======== Exercise material ========
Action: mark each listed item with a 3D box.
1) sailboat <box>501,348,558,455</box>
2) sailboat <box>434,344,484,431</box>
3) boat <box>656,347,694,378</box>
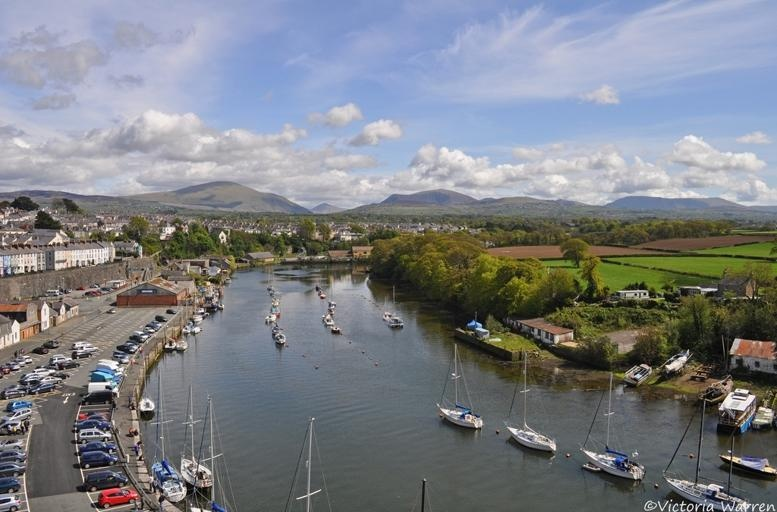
[{"bbox_3d":[14.557,15.118,54.356,2.346,9.057,7.500,-2,-4,-27],"label":"sailboat"},{"bbox_3d":[7.596,13.903,58.511,2.328,8.998,6.862,-1,-2,-39],"label":"sailboat"},{"bbox_3d":[37.987,13.940,69.260,2.054,2.226,7.848,15,23,36],"label":"boat"}]
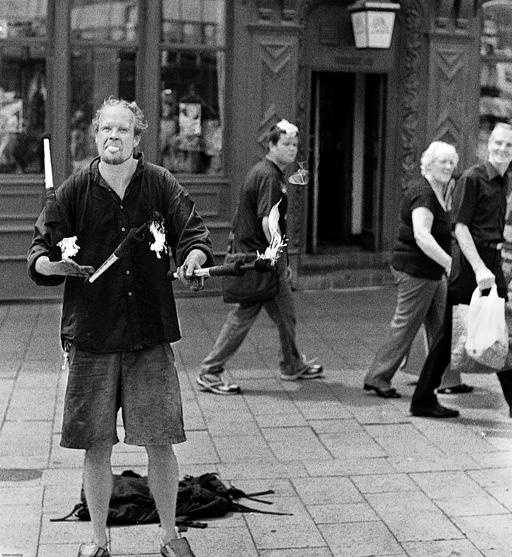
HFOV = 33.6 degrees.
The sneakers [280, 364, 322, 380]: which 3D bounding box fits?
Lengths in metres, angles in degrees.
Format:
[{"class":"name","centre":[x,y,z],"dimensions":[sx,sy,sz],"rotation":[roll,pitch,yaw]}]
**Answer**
[{"class":"sneakers","centre":[0.359,0.722,6.525],"dimensions":[0.277,0.143,0.133],"rotation":[-8,14,-14]}]

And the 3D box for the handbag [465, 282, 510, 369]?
[{"class":"handbag","centre":[1.455,0.306,5.270],"dimensions":[0.292,0.533,0.152],"rotation":[0,6,-11]}]

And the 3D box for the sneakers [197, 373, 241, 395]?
[{"class":"sneakers","centre":[-0.274,0.762,6.065],"dimensions":[0.263,0.139,0.144],"rotation":[6,8,6]}]
========
## Task objective
Reply with one number, the count of lines in the entries that hold the string "degrees".

## Solved problem
2